Le Somaliland se bat pour la reconnaissance après 30 ans de lutte pour lui-même


Pour Edna Adan, la soi-disant « mère » du Somaliland, l’hôpital qu’elle a installé dans la capitale Hargeisa rappelle à la fois l’un des pires massacres de la région et l’urgence d’obtenir une reconnaissance internationale pour l’État autoproclamé.

« Nous nous trouvons au sommet d’un terrain de tuerie », a déclaré l’ancienne ministre des Affaires étrangères, épouse d’un président et sage-femme, faisant référence au massacre par le dictateur somalien Siad Barre de 200 000 Somalilandais qui voulaient l’indépendance dans les années 1980.

« Je veux que cet endroit soit un endroit où la vie et la dignité humaines sont préservées et respectées, montrant la dignité, la compassion et la reconnaissance que le Somaliland mérite », a-t-elle déclaré au Financial Times.

Trois décennies après que le Somaliland s’est séparé de la Somalie pour la première fois, l’État-nation autoproclamé a organisé avec succès cette année des élections démocratiques et a attiré des investissements exceptionnels de la part de DP World de Dubaï dans le port de Berbera.

Les responsables du Somaliland espèrent que tout cela signifie qu’il se rapproche de son objectif de reconnaissance internationale, sans lequel il aura du mal à obtenir un financement multilatéral indispensable pour stimuler son économie de 3,5 milliards de dollars, soutenue par les envois de fonds et le bétail de chameaux.

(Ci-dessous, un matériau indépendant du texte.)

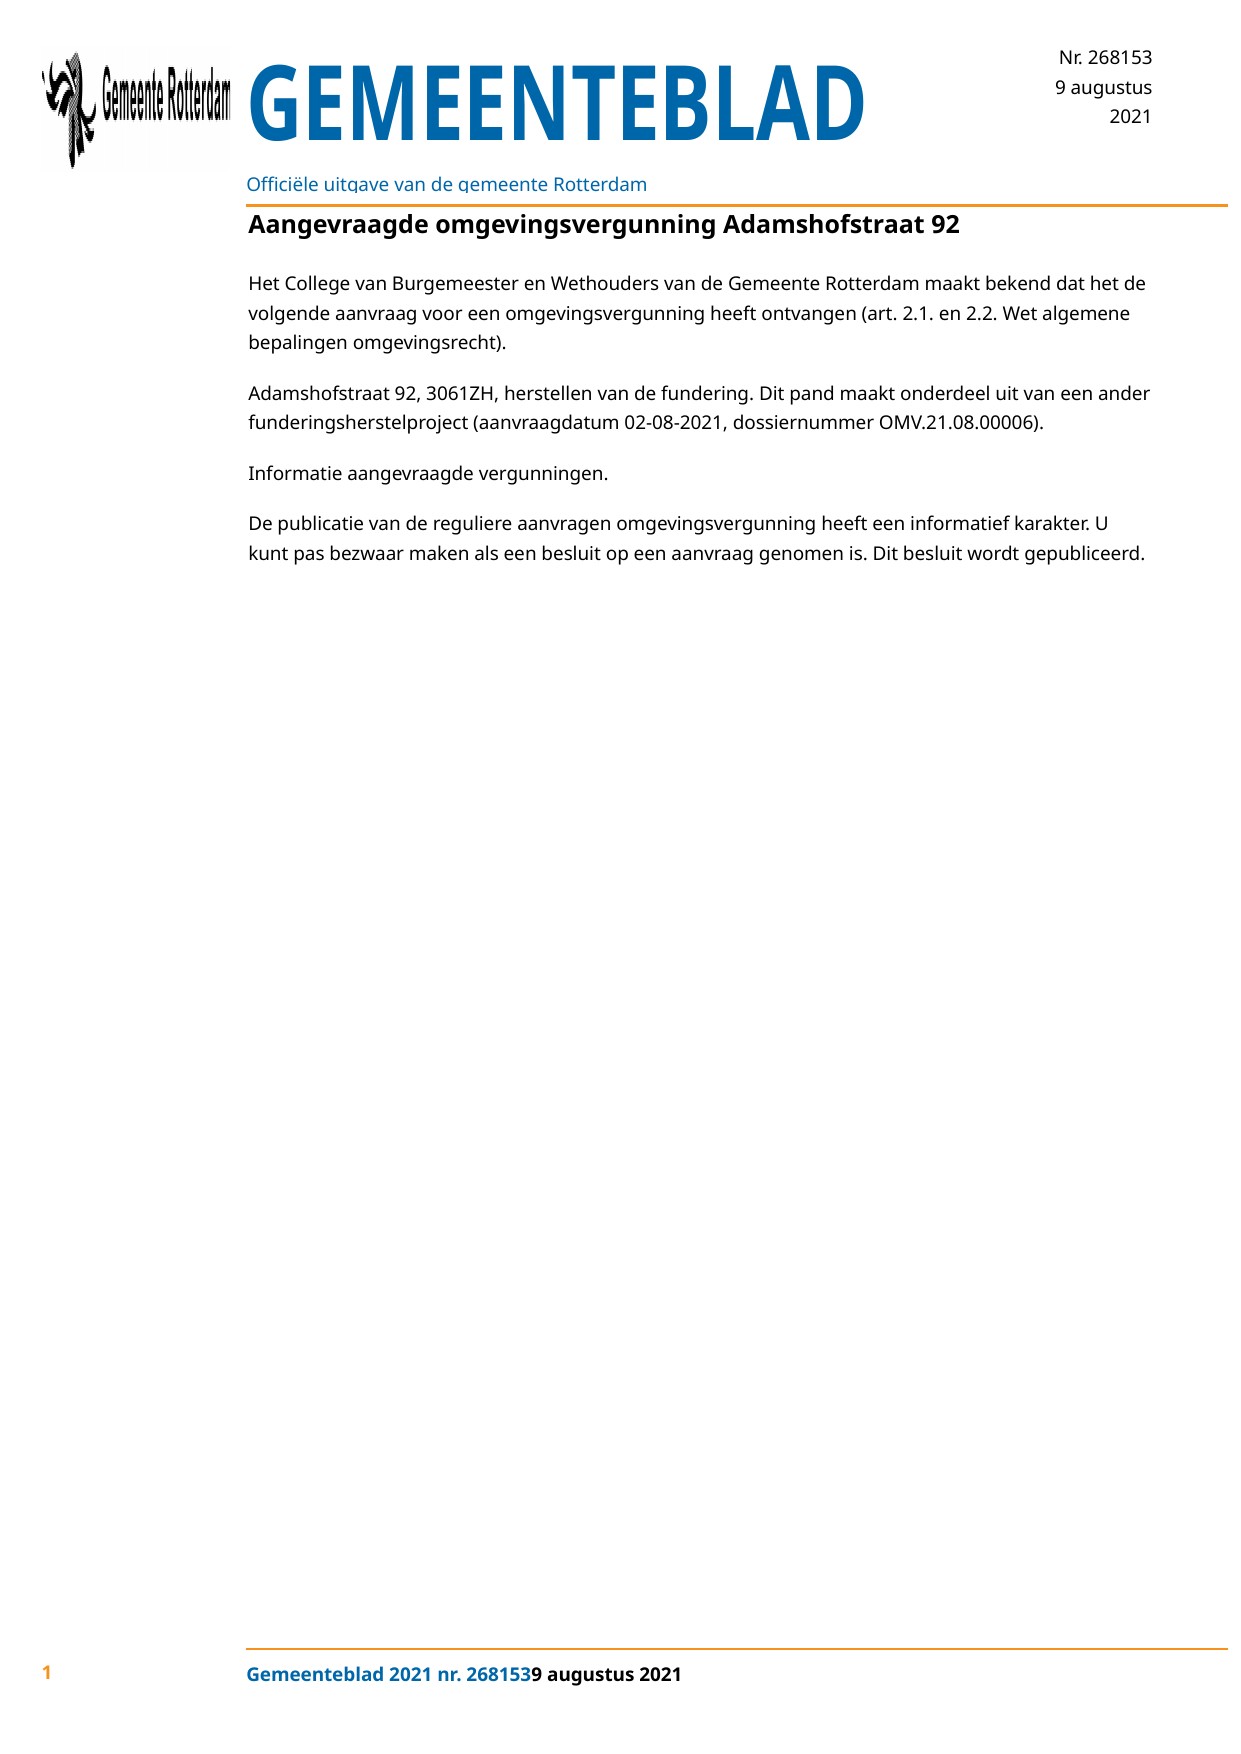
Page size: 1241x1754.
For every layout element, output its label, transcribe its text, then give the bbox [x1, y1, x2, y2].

text Adamshofstraat 92, 3061ZH, herstellen van de fundering. Dit pand maakt onderdeel uit van een ander funderingsherstelproject (aanvraagdatum 02-08-2021, dossiernummer OMV.21.08.00006). [248, 380, 1152, 435]
text De publicatie van de reguliere aanvragen omgevingsvergunning heeft een informatief karakter. U kunt pas bezwaar maken als een besluit op een aanvraag genomen is. Dit besluit wordt gepubliceerd. [248, 510, 1152, 566]
text Informatie aangevraagde vergunningen. [248, 460, 1152, 486]
text Het College van Burgemeester en Wethouders van de Gemeente Rotterdam maakt bekend dat het de volgende aanvraag voor een omgevingsvergunning heeft ontvangen (art. 2.1. en 2.2. Wet algemene bepalingen omgevingsrecht). [248, 270, 1152, 355]
picture [41, 47, 231, 172]
text Aangevraagde omgevingsvergunning Adamshofstraat 92 [248, 207, 1152, 241]

« Cela peut ressembler à un miracle qu’en 2021, il y ait un État sans reconnaissance qui, en même temps, fonctionne correctement comme s’il s’agissait d’un État reconnu », a déclaré Saad Ali Shire, ministre des Finances du Somaliland.

Ismail Ahmed, fondateur de la plate-forme mondiale d’envois de fonds Zepz qui investit 500 millions de dollars dans l’éducation, la santé et les infrastructures, a déclaré : « Il est assez regrettable que l’un des gouvernements les plus démocratiques d’Afrique, un pays qui a réussi à se reconstruire après une guerre , se voit refuser la reconnaissance.

Monument de l’Indépendance à Hargeisa : le Somaliland a apporté une paix et une stabilité relatives à ses 5,7 millions d’habitants, avec un parlement élu et ses propres passeports © André Khalil/FT

Mais craignant que cela n’encourage leurs propres régions agitées, certains acteurs régionaux répugnent à reconnaître le Somaliland. « Cela n’arrivera pas de sitôt », a déclaré un responsable d’un pays de la Corne de l’Afrique. Pourtant, le Royaume-Uni, les Émirats arabes unis, la Turquie et l’Éthiopie sont tous présents au Somaliland. Ce mois-ci, le Kenya a établi une délégation diplomatique, un an après Taïwan – une décision qui a provoqué la colère de la Chine.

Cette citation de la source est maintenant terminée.